Summer was in full swing in Greenwich.

The expansive homes and well-paved streets were met with the chaos of youth. Bikes and scooters whirred along the streets and sidewalks. Children chased after each other and played hide and seek throughout the neighborhood. Laughter and squeals filled the air, along with charcoal and firewood at night. And during the day, salt air and the crash of waves. On one of those summer days, in one of the biggest homes in Greenwich, an immense, spacious yard of green occupied Amal and her three best friends. The yard met and overlooked the Atlantic, and the four of them ran along the coast, kicking water at one another.

Amal scampered from the water and settled into the grass, perching herself on her elbows. Sadie sprinted over and rested next to her. Her milk skin and auburn waves were a stark contrast to Amal’s olive tone and dark waves. They didn’t differ in their green eyes. Amal and Sadie had been inseparable since second grade when they were placed in the same class. They bonded over their love of Judy Blume and Beverly Cleary and fancied games of checkers.

Vivi whined as Dae continued sprinkling water on her as they approached Amal and Sadie. They settled onto the ground next to them. As they listened to the waves, they chattered and snickered over the neighborhood gossip: the housewives pushing pills, the divorcees, and those moving out. Dae settled in closer to Amal. Her skin tingled, and her cheeks failed her as they turned pink. But she shoved aside any feelings she had at that moment. It was the fourth grade when the twins entered Amal and Sadie’s classroom. The sad reality was that Greenwich's money wasn’t colorful, so she gravitated towards the twins when she saw them playing checkers during indoor recess. Amal and Sadie joined them as they battled for days as the rain badgered on. From that day on, the four of them were inseparable.

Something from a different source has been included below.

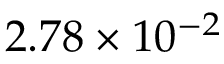<formula> <loc_0><loc_0><loc_500><loc_500>2 . 7 8 \times 1 0 ^ { - 2 }</formula> 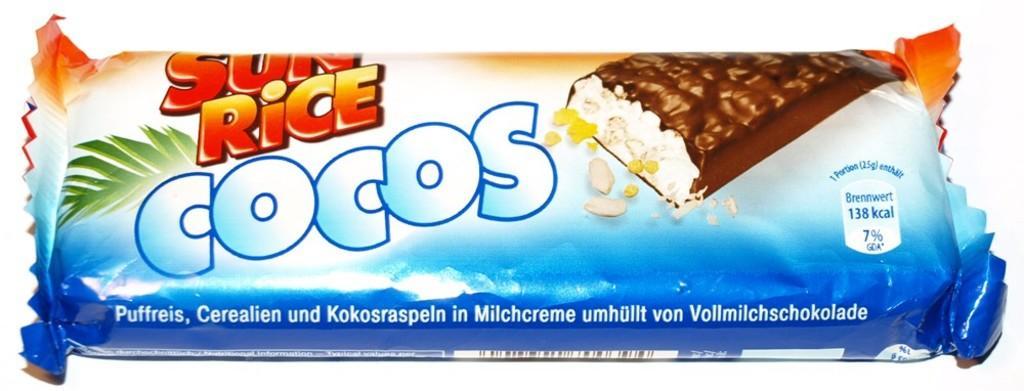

“Hey,” Dae nudged Amal as Sadie and Vivi treaded back into the water. “I learned this new thing in Korean.” It started when they were kids. They would share each other’s language. Amal didn’t know a lick of Arabic in the fourth grade but egged on her siblings to learn so she could share with Dae. It was something the two of them only did. “Won-sung-ee-do-na-mu-ae-seo-ddeol-o-jin-da. It means…” he stared with a grin and proceeded to drum roll onto his thighs. She joined along and laughed. “Even monkeys fall from trees.”

So profound, Dae.” Amal rolled her eyes. Her favorite was “go-saeng kkeut-e nag-i on-da.” At the end of hardship comes happiness. She didn’t necessarily believe it, but she liked that Dae did.

He nudged at her.

“Come on. What’ve you got for me?”

Amal sighed happily and stared at Vivi and Sadie giggling in the water. “El-gannah bedūn nās mā tendās.”

“What does it mean?”

“A paradise without people is not worth stepping foot in.” Amal leaned on this one often. There were a few things she was certain about in life. One of them is that good company can often remedy a heavy heart. Dae beamed at her. She focused back on Vivi and Sadie, who were swimming back to shore. In part, her reluctance to love was Muslim guilt. But it was mostly herself that got in her way. She garnered a reputation in the halls that she didn’t like at first. The bolter. The second any boy thought of coming in her direction, she was already bolting the other way. But she and her friends made light of it, and having it be their inside joke made it feel easier.

“I am starving,” Sadie groaned as she and Vivi reached them. She dragged Amal up, and they sprinted from the yard to the glass doors and into the kitchen. They rummaged through the cabinets and fridge. It was decided: PB&J with bars of chocolate. They grabbed plates, utensils, and the ingredients and scurried back to the yard. They sat at the wooden table. Amal lathered her bread with peanut butter and a schmear of jelly.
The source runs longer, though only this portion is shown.